NASD suspended Gary Ferraro, a former First Allied salesman located in Chicago and the broker for the three customers, for nine months and fined him over $136,700. NASD found that between November 2001 and July 2003, first at another firm and then at First Allied, Ferraro negotiated or authorized so- called “sticky asset” deals with two mutual fund advisors that enabled two hedge fund customers to execute more mutual fund trades than allowed in the funds’ prospectuses. Under these secret arrangements, Ferraro’s customers agreed to invest millions of dollars on a long-term basis in one mutual fund complex (the “sticky” money) in exchange for the opportunity to market time millions of dollars in other funds in the same fund family.

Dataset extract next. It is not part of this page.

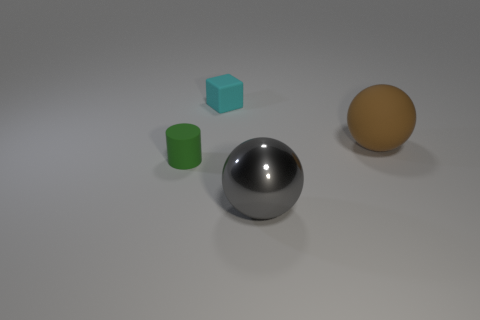Add 4 gray metal balls. How many objects exist? 8 Subtract all brown spheres. How many spheres are left? 1 Subtract all cubes. How many objects are left? 3 Subtract 1 cubes. How many cubes are left? 0 Subtract all brown blocks. How many brown spheres are left? 1 Add 2 big red metal cylinders. How many big red metal cylinders exist? 2 Subtract 1 cyan cubes. How many objects are left? 3 Subtract all brown spheres. Subtract all blue cylinders. How many spheres are left? 1 Subtract all brown matte balls. Subtract all big shiny cubes. How many objects are left? 3 Add 4 large shiny objects. How many large shiny objects are left? 5

For example, NASD found that in one of Ferraro’s deals, a customer invested $1.9 million in long-term assets in one mutual fund in exchange for the opportunity to market time up to $1.9 million in another fund in the same complex. During a six-month period, the customer engaged in 20 exchanges, well in excess of the four exchanges out per year allowed by the prospectus, thereby generating illicit profits of more than $190,000.

In addition, Ferraro and First Allied enabled another client to use related accounts to evade attempts by a mutual fund complex to restrict the customer’s trading. Specifically, Ferraro opened an account for a client who proceeded to execute market timing trades in one mutual fund family. After the fund restricted trading, Ferraro opened two related accounts for the same beneficial owner, one of which was funded indirectly by a transfer of $4 million from the restricted account. Ferraro, through employees who reported to him, executed market timing trades in the two accounts in violation of the fund prospectus limits, thereby allowing the customer to earn approximately $110,000 in illicit profits.

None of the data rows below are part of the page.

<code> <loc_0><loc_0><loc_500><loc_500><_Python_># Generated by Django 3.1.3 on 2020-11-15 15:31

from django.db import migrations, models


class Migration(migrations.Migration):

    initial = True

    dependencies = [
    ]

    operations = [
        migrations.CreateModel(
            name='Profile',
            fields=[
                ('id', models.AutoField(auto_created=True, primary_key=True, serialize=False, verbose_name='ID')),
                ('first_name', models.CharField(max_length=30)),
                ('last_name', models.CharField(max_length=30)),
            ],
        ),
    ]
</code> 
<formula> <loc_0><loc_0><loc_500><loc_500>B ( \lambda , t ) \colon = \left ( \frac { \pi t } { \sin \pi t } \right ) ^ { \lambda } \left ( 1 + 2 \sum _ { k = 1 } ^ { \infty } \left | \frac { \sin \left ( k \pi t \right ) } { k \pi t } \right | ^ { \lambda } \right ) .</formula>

NASD’s investigation showed that before hiring Ferraro, First Allied was aware that his customers were engaged in market timing. In fact, the investment advisor to one mutual fund complex advised an officer of First Allied that it had a special market timing arrangement with Ferraro that it did not offer to investors generally. The advisor also told First Allied that “working on this side of the business is something that most fund groups do not like to discuss openly.” Despite this knowledge, First Allied failed to implement a supervisory system designed to monitor the activity of Ferraro and the people who worked for him.

In settling with NASD, First Allied and Ferraro neither admitted nor denied the allegations, but consented to the entry of NASD’s findings.